Psikolojik, sosyolojik, nörolojik, cinsel ve beyinsel tüm fonksiyonların potansiyeli fiziksel potansiyelle birlikte ve paralel olarak 0-45 yaş arası artmaya devam etmektedir. Yani bir tür yükselme dönemi denilebilir. 45- 95, arası ise gerileme dönemidir. İnsanlardaki tüm fonksiyonlar ve başarılar bu formüle göre oluşmaktadır deniliyor. İnsanın temel yapısı olan hücreler. 0-45 yaş arasında ölen hücrenin yerine daha fazlası yapılmaktadır. 45 yaştan sonra ise ölen hücrenin yerine daha azı yapılabilmektedir. Sonuç olarak 90=2 80=3, 70=5, bu eşitlikler beyinsel ve bedensel fonksiyonları içerir. Bu eşitlikleri göz önüne aldığımızda nesiller arasındaki çatışmaları ve kimlerin haklı/haksız olduğunu kolayca anlayabiliriz. Tüm bu verilere kendimiz, çocuklarımız, yönettiğimiz kurumlar, başarı ve başarısızlıklarımız açısından daha objektif ve tarafsız bakabiliriz.
Bütün bunların arasında ‘tecrübe’nin yeri nedir? Önce şu tecrübeyi bir tarif edelim.

Tecrübe nedir?
İnsanın yaşamı boyunca yaşadığı, gördüğü duyduğu, okuduğu, denediği her şeyden kendinde kalan izlenimdir. Farz edelim ki bir basit trafik kazası oldu bunu da dünyadaki bütün insanlar izledi siz de bunlardan birisiniz. Bu olayın anlatımı ve yorumu izleyen insan sayısına eşittir. Hiçbirisinin yorumu bir diğerine benzeyemez. Çünkü insanların algılamaları öğretilerine, hormonlarına, yaşlarına, tecrübelerine, bilgi birikimlerine ve bu gibi sübjektif edinimlere dayanır. Daha birçok etken bizdeki algıların bize ait sübjektif zamana, mekâna bağlı tecrübeler oluşmasını sağlar.

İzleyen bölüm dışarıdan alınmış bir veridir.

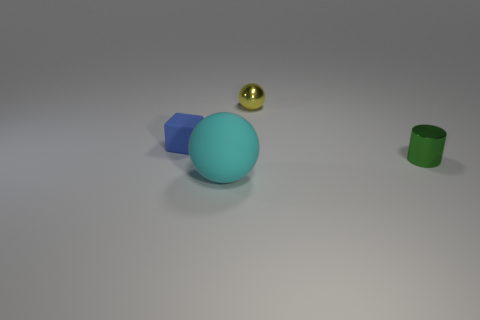Add 2 small matte cubes. How many objects exist? 6 Subtract all cylinders. How many objects are left? 3 Subtract 0 purple balls. How many objects are left? 4 Subtract all gray matte objects. Subtract all small yellow things. How many objects are left? 3 Add 2 cyan matte things. How many cyan matte things are left? 3 Add 2 tiny balls. How many tiny balls exist? 3 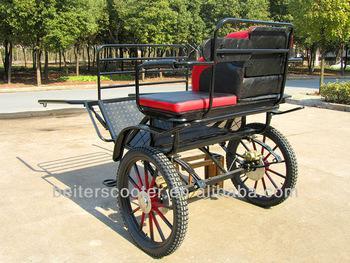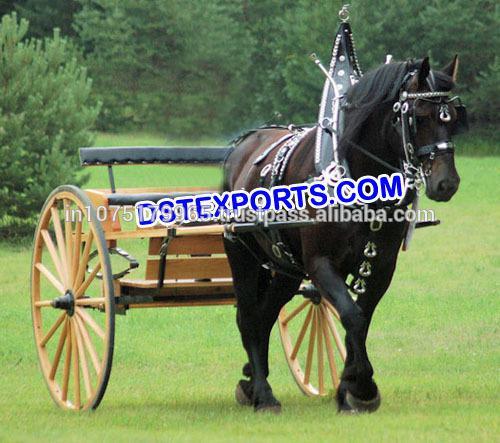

Aynı somut olayda izleyen kişi kadar farklı izlenim oluyorsa bunların hangisi doğru? Hiçbiri.

Çıkarımlarımız...
Çünkü bu kadar çok değişkene bağlı izlenimin doğru ve faydalı olabilme oranı 6 milyarda birdir. O halde tecrübeyi nerede kullanabiliriz? Yalnızca danışılanlardan biri olarak.
Tecrübeli kişi son karar merciinde olmamalıdır. Hata yapma oranı çok yüksek olabilir. Yeni teşebbüslerde pek bulunmayabilir ama şayet bulunacaksa son kararı verecek kişinin 45 yaşının altında olmasına dikkat etmelidir.
İnsanların özgün eğitim süreleri 18-20 yaşlarında bitmelidir. Buna üniversite doktora ve mastır programları da dâhil olmalıdır. Bugünkü eğitim sistemi ile bu süre 30- 35- yaşlarına kadar uzamaktadır. Geriye sadece işe yarar süre olarak 10 yıl kalmaktadır. Çünkü, okullarda çoğu zaman hiçbir işe yaramayan fosilleşmiş bilgiler öğretiliyor. İnsan hayatının en önemli yılları tüketici olarak israf edilebiliyor. Bu nedenle eğitim 5 yaşında başlamalı bir yıl dil öğretilmeli, 6 yaşında ilkokul başlamalı lüzumsuz, insanın yaratıcılığını öldüren tüm bilgiler ayıklanarak 3 yıla indirilmeli; orta öğretim de aynı yaklaşımlarla 4 yıla indirilmelidir. Bunların tamamı zorunlu olmalıdır.13-14 yaşında genç üniversiteye başlayabilmelidir. Üniversitede işe yaramaz tüm bilgiler ayıklanarak 4 senede bitirilmelidir. Doktora ve mastır programlarının tamamı 2 yılda tamamlanmalıdır. Bu durumda 19-20 yaşına gelinebilir.
Kalan 25 yıl üretme/üreme dönemidir. İnsanları hayatlarının en verimli dönemlerinde tüketici olarak okullara hapsederek nasıl gelişebiliriz ki? Hayatta bildiklerinize ve gördüklerinize bir bakın, eğitim dönemini de kapsayacak şekilde erken yaşta çalışmaya başlayanların ne kadar başarılı olabildiklerini gözlemleyeceksiniz. Çünkü hayatın en verimli zamanının işe yaramaz bilgileri öğrenmek için harcanması, insanlarda en verimli dönemlerinin israfına sebep olmaktadır. Bunlar size mantıksız geliyorsa Bill Gates ve onun gibi insanların hikâyelerine ve ne zaman çalışmaya başladıklarına bir bakmanız yetecektir.